"It is common for a character in a novel to take it upon himself to tell the story. When a character can intervene in this way, we the readers are never dealing with bare facts, but only with stories about facts, subject to the prism of a subject - of a particular intelligence, sensibility and memory - and therefore eminently problematic. Everything contained within the story stems from an eyewitness account. True, the course of the account is likely peculiarly well informed and probably sincere, but he is none the less intimately involved in the affair, and therefore cannot claim to determine the truth of the reported events." - Pierre Bayard
Aiken
Over the next two months we each fell into a pattern. In a lot of ways, it was surprisingly easy to just get used to the way things were here. Of course, Frost adapted quickly – eagerly – as he always did to new places and situations. And I was busy training, getting stronger at a pace that I wouldn't have believed was possible before coming here, learning new abilities that I hadn't even imagined existed. Even my Mistress, who never seemed to become completely at ease here, seemed to settle in a bit more; at least, after the first two weeks she gave up her experiments with the clothing and started leaving the house again.

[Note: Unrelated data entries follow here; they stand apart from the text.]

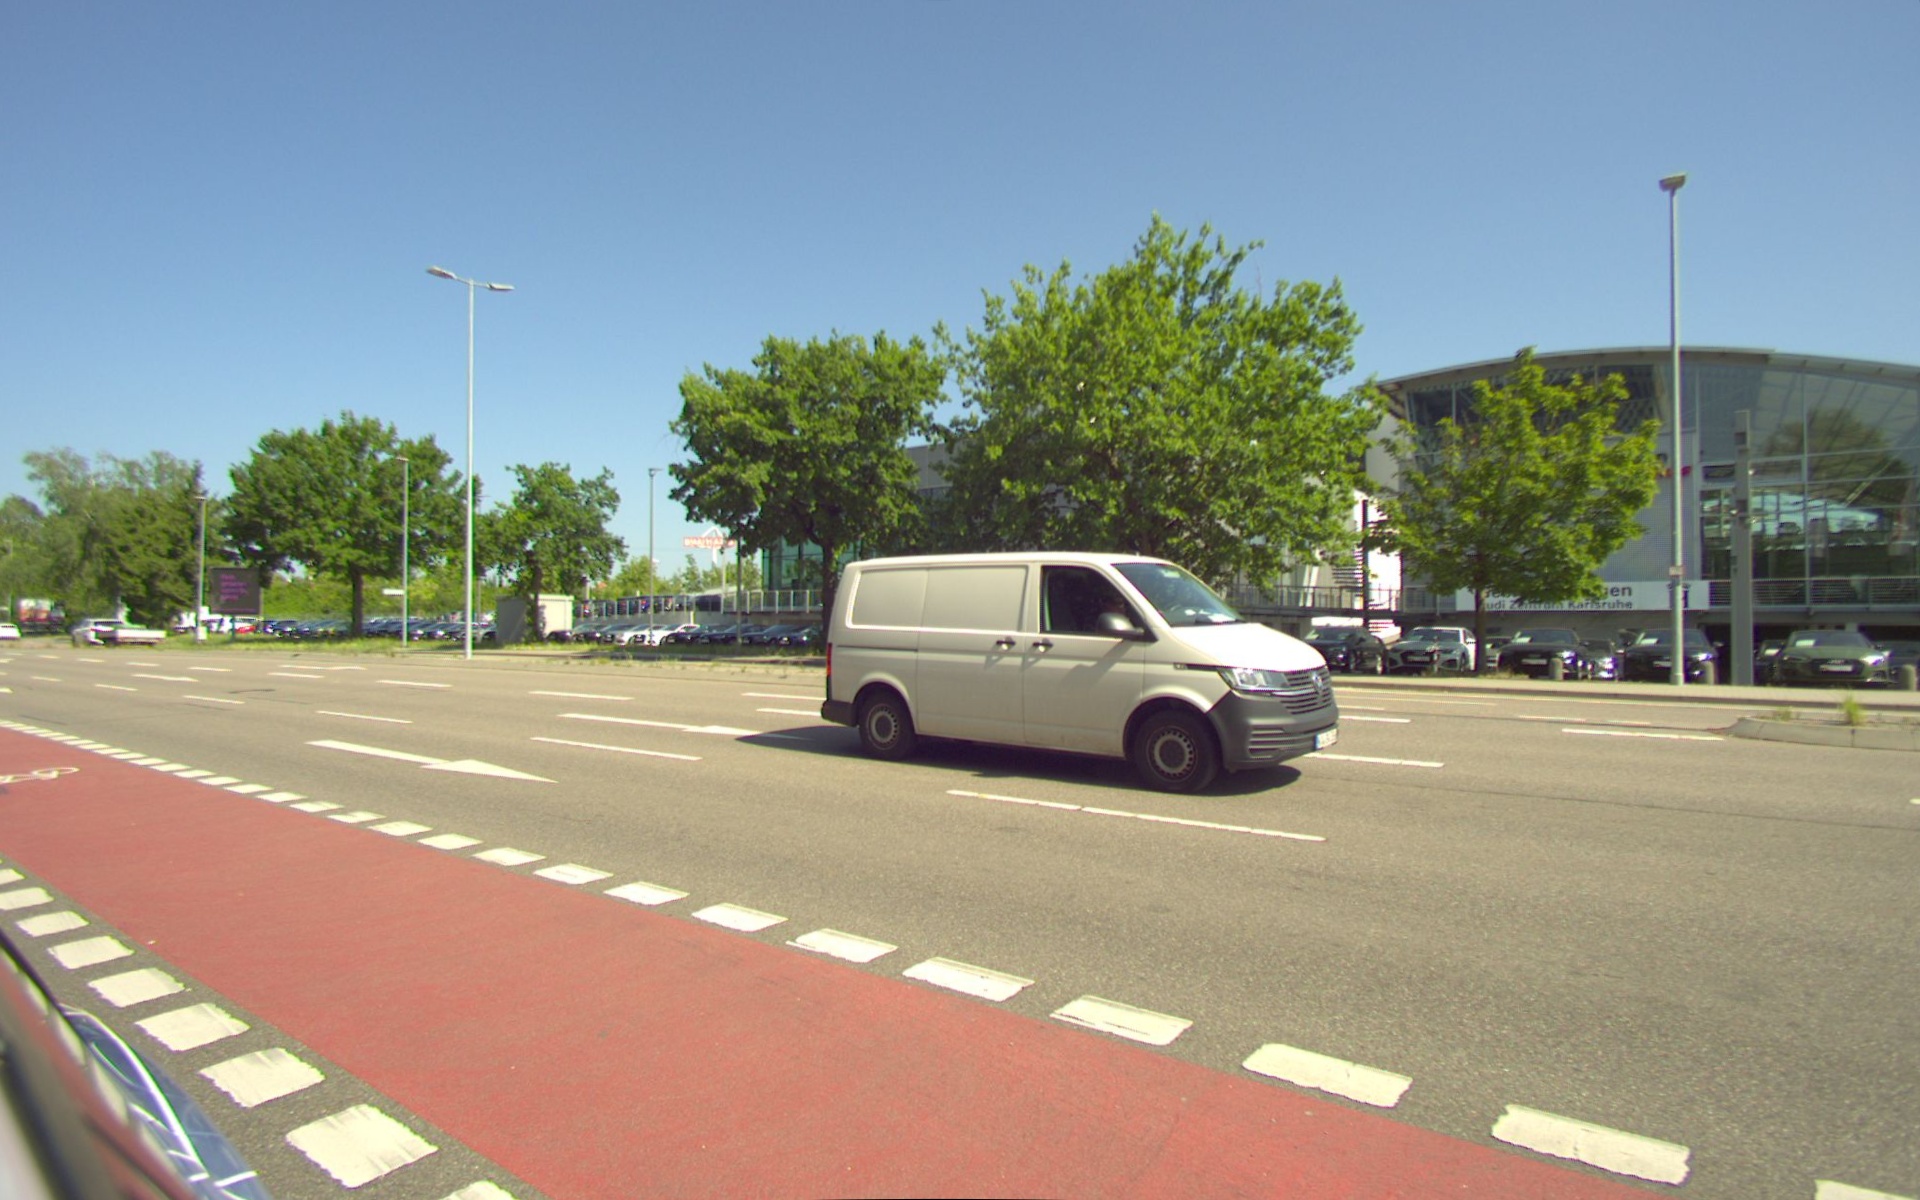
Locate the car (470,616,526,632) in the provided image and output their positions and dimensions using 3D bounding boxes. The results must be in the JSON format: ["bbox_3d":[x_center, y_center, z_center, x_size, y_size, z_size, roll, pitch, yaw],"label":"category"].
[{"bbox_3d":[-41.865,2.216,91.735,1.951,1.361,4.224,-2,-3,38],"label":"car"}]

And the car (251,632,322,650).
[{"bbox_3d":[-52.496,3.196,78.904,1.952,1.392,4.223,-2,-3,40],"label":"car"}]

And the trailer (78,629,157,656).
[{"bbox_3d":[-46.915,2.372,56.326,5.760,1.464,1.976,-2,-3,36],"label":"trailer"}]

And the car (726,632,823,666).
[{"bbox_3d":[-8.149,2.145,44.602,1.921,1.386,3.949,-2,-3,38],"label":"car"}]

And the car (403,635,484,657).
[{"bbox_3d":[-32.976,2.927,64.694,1.952,1.361,4.223,-2,-3,40],"label":"car"}]

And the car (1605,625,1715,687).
[{"bbox_3d":[16.926,1.326,24.422,1.996,1.353,3.950,-2,-3,36],"label":"car"}]

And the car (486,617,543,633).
[{"bbox_3d":[-39.654,2.278,90.126,1.951,1.361,4.224,-2,-3,38],"label":"car"}]

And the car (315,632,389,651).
[{"bbox_3d":[-44.034,3.015,73.345,1.952,1.361,4.223,-2,-3,40],"label":"car"}]

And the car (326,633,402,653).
[{"bbox_3d":[-42.174,3.035,71.638,1.952,1.361,4.223,-2,-3,40],"label":"car"}]

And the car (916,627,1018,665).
[{"bbox_3d":[0.319,1.740,38.602,1.921,1.386,3.949,-2,-3,38],"label":"car"}]

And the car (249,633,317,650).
[{"bbox_3d":[-54.462,3.341,81.458,1.952,1.338,4.223,-2,-3,40],"label":"car"}]

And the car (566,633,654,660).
[{"bbox_3d":[-18.193,2.409,52.713,1.863,1.386,3.949,-2,-3,38],"label":"car"}]

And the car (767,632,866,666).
[{"bbox_3d":[-6.032,2.062,42.847,1.921,1.386,3.949,-2,-3,38],"label":"car"}]

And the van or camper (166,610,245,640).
[{"bbox_3d":[-68.171,2.209,91.535,1.996,2.489,5.331,-3,-2,35],"label":"van or camper"}]

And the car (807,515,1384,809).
[{"bbox_3d":[0.988,0.517,9.208,4.968,2.009,1.863,-2,-3,39],"label":"car"}]

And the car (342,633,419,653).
[{"bbox_3d":[-40.022,2.970,69.945,1.952,1.361,4.223,-2,-3,40],"label":"car"}]

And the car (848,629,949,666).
[{"bbox_3d":[-2.394,1.885,40.237,1.921,1.386,3.949,-2,-3,38],"label":"car"}]

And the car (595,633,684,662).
[{"bbox_3d":[-16.150,2.396,51.203,1.863,1.386,3.949,-2,-3,38],"label":"car"}]

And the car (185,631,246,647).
[{"bbox_3d":[-65.155,3.418,88.624,1.744,1.450,4.042,-2,-3,43],"label":"car"}]

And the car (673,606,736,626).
[{"bbox_3d":[-18.661,1.218,74.061,1.951,1.361,4.224,-2,-3,38],"label":"car"}]

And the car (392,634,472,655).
[{"bbox_3d":[-34.480,2.894,66.134,1.952,1.361,4.223,-2,-3,40],"label":"car"}]

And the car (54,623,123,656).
[{"bbox_3d":[-51.291,2.307,59.516,4.927,1.847,1.976,-2,-3,36],"label":"car"}]

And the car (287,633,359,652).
[{"bbox_3d":[-48.118,3.200,76.499,1.952,1.361,4.223,-2,-3,40],"label":"car"}]

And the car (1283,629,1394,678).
[{"bbox_3d":[11.015,1.518,29.316,1.996,1.321,3.950,-2,-3,36],"label":"car"}]

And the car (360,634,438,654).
[{"bbox_3d":[-37.999,2.967,68.647,1.952,1.361,4.223,-2,-3,40],"label":"car"}]

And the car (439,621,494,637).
[{"bbox_3d":[-45.947,2.717,94.286,1.951,1.361,4.224,-2,-3,38],"label":"car"}]

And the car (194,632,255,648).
[{"bbox_3d":[-63.425,3.456,87.309,1.744,1.364,4.042,-1,-2,43],"label":"car"}]

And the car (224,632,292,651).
[{"bbox_3d":[-57.411,3.400,82.779,1.952,1.515,4.223,-2,-3,40],"label":"car"}]

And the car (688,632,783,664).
[{"bbox_3d":[-10.229,2.188,46.320,1.921,1.386,3.949,-2,-3,38],"label":"car"}]

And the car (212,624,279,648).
[{"bbox_3d":[-59.329,2.977,84.068,1.952,1.899,4.223,-2,-3,40],"label":"car"}]

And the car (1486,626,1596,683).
[{"bbox_3d":[14.987,1.371,26.000,1.996,1.353,3.950,-2,-3,36],"label":"car"}]

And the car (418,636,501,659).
[{"bbox_3d":[-31.170,2.962,63.171,1.952,1.361,4.223,-2,-3,40],"label":"car"}]

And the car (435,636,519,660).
[{"bbox_3d":[-29.477,2.908,61.810,1.952,1.361,4.223,-2,-3,40],"label":"car"}]

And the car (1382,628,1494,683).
[{"bbox_3d":[13.053,1.477,27.518,1.996,1.353,4.112,-2,-3,36],"label":"car"}]

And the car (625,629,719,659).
[{"bbox_3d":[-14.086,2.147,49.640,2.022,1.386,4.003,-2,-3,38],"label":"car"}]

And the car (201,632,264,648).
[{"bbox_3d":[-61.275,3.357,85.285,1.742,1.303,4.045,-2,-3,40],"label":"car"}]

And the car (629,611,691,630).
[{"bbox_3d":[-22.946,1.582,77.542,1.951,1.361,4.224,-2,-3,38],"label":"car"}]

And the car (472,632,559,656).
[{"bbox_3d":[-25.788,2.535,58.868,1.952,1.361,4.223,-2,-3,40],"label":"car"}]

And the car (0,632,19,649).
[{"bbox_3d":[-84.934,3.564,89.639,3.542,1.475,1.639,-2,-4,35],"label":"car"}]

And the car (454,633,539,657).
[{"bbox_3d":[-27.608,2.651,60.368,1.952,1.361,4.223,-2,-3,40],"label":"car"}]

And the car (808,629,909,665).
[{"bbox_3d":[-4.098,1.922,41.376,1.921,1.386,3.949,-2,-3,38],"label":"car"}]

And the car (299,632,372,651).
[{"bbox_3d":[-46.141,3.089,74.833,1.952,1.361,4.223,-2,-3,40],"label":"car"}]

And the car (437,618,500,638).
[{"bbox_3d":[-40.294,2.329,83.103,1.952,1.655,4.223,-2,-3,40],"label":"car"}]

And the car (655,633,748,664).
[{"bbox_3d":[-12.200,2.296,48.000,1.921,1.386,3.949,-2,-3,38],"label":"car"}]

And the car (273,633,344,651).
[{"bbox_3d":[-50.173,3.254,78.042,1.952,1.361,4.223,-2,-3,40],"label":"car"}]

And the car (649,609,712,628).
[{"bbox_3d":[-20.888,1.399,75.783,1.951,1.361,4.224,-2,-3,38],"label":"car"}]

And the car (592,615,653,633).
[{"bbox_3d":[-26.870,1.905,80.666,1.951,1.361,4.224,-2,-3,38],"label":"car"}]

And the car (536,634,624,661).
[{"bbox_3d":[-20.357,2.548,54.328,1.997,1.386,3.949,-2,-3,38],"label":"car"}]

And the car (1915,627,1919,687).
[{"bbox_3d":[21.445,1.206,20.902,1.996,1.353,3.950,-2,-3,36],"label":"car"}]

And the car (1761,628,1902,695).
[{"bbox_3d":[19.359,1.329,22.662,1.996,1.353,3.952,-2,-3,35],"label":"car"}]

She has begun taking meals with the Saiyajin's family sometimes, when Son Goten or Bulma invited her up to the house. That Goten just makes everyone else uncomfortable, but my Mistress seems to like Bulma. The part-Saiyajin boys – Bulma's grandsons, both – are completely capable of flying themselves up here to Son Goku's mountaintop, but more often than not she flies them up here in one of her planes. On those days, her and my Mistress are apt to spend the afternoons sitting on the porch and drinking coffee, chatting softly while me and the boys sparred.
The boys are Bulma's grandchildren, but Amaguri isn't any direct blood of hers, just the all-human half-sister of Boxer, and she is completely lacking in ability as a fighter. Still, Bulma brings her along with the boys on these trips; she is convinced that the girl is sharp, and seems to be grooming her for some future task, maybe a spot in the financial empire that Bulma's family heads. The girl usually stays near Bulma and my Mistress, sitting in the grass and playing at silly games with her dolls.

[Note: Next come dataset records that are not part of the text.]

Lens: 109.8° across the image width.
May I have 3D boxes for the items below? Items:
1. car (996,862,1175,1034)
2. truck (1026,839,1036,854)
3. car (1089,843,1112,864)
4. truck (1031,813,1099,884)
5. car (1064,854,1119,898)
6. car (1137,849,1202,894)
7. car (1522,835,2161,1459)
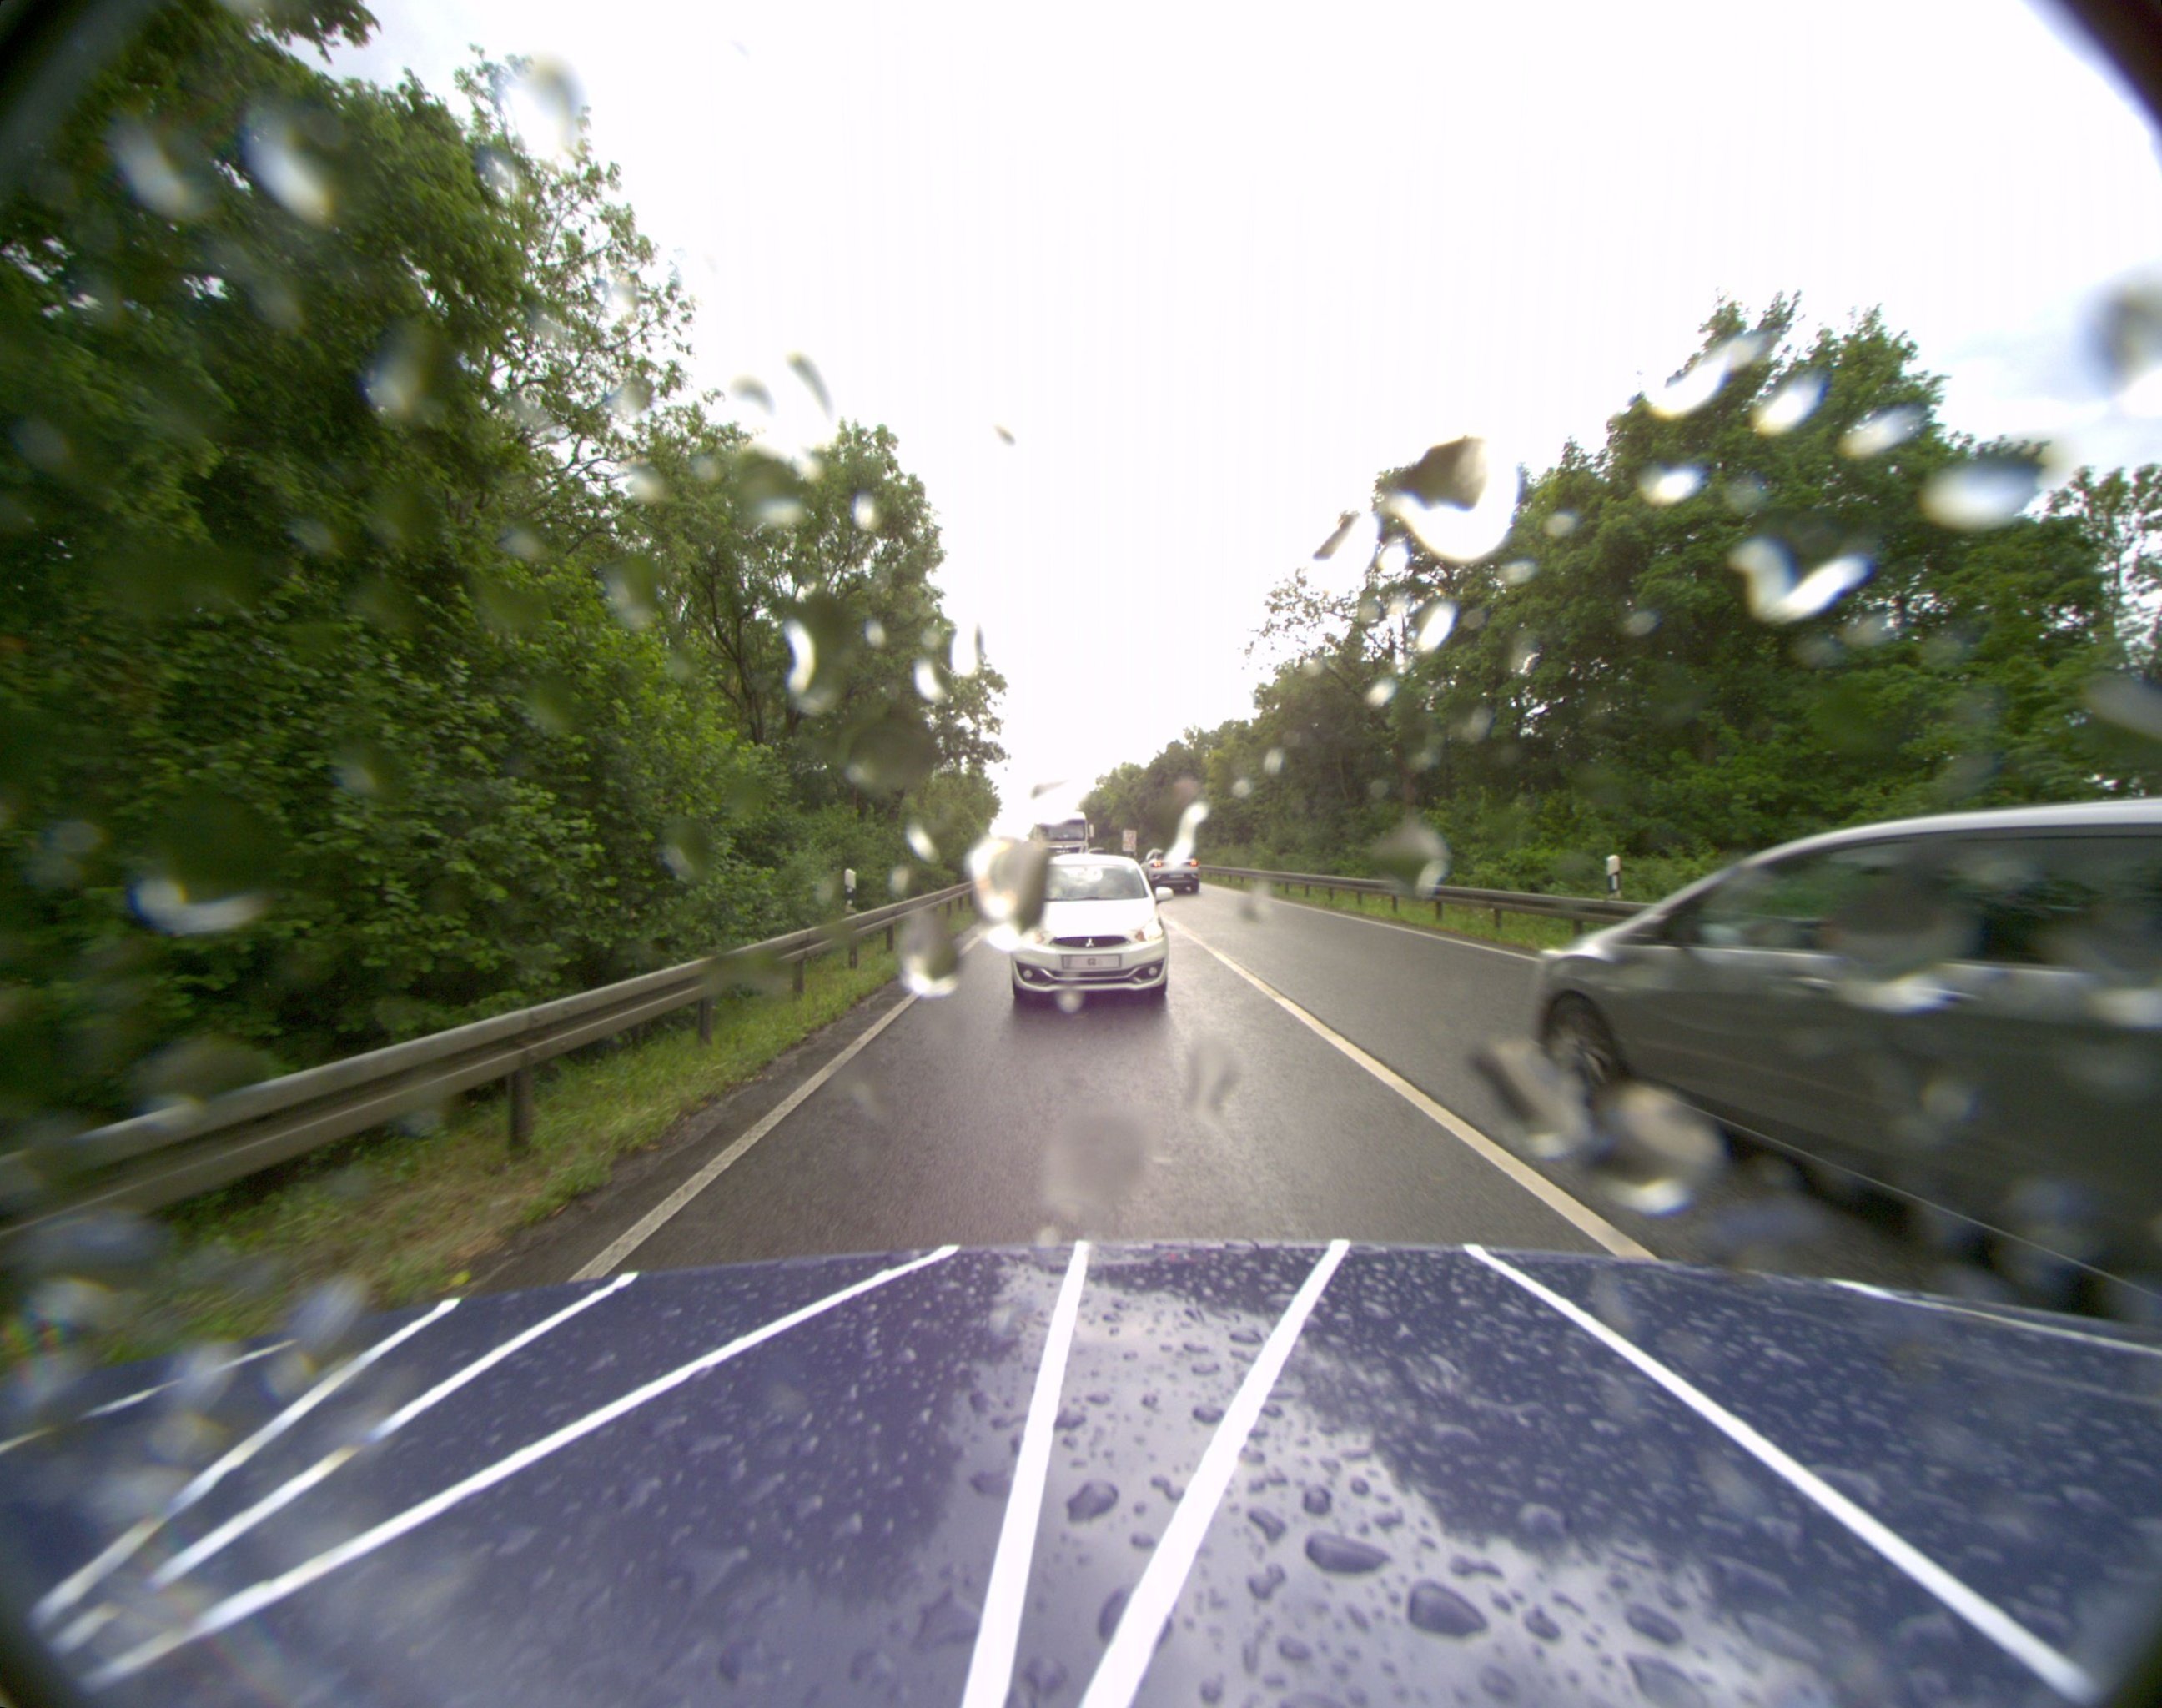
[{"bbox_3d":[0.042,0.894,9.099,1.610,1.435,4.208,-2,1,0],"label":"car"},{"bbox_3d":[-10.831,-1.662,165.352,1.999,3.023,6.582,-2,1,-3],"label":"truck"},{"bbox_3d":[1.728,-0.087,68.271,1.820,1.676,4.621,-2,1,-1],"label":"car"},{"bbox_3d":[-1.084,-0.368,41.731,3.137,3.364,9.277,-2,1,-4],"label":"truck"},{"bbox_3d":[0.304,0.747,27.738,1.641,1.413,4.490,-2,0,-3],"label":"car"},{"bbox_3d":[3.213,0.588,28.419,1.811,1.523,4.205,-2,0,-1],"label":"car"},{"bbox_3d":[3.581,0.729,2.539,1.696,1.564,4.374,-2,0,1],"label":"car"}]

Those boys are ideal sparring partners. Boxer didn't look much like a Saiyajin – lanky and purple-haired and tailless as he was – and when he wasn't fighting her was just as soft-hearted as any of these others here. But when he was sparring the kid was a zippy little scrap of viciousness. Once he got going you could see plain as anything what was in his blood, that he was a true Saiyajin and really the grandson of Prince Vegeta. He was a cold, dirty fighter, quick to exploit the slightest opening and mean in a way that he couldn't have learned from anyone here but must've been born knowing.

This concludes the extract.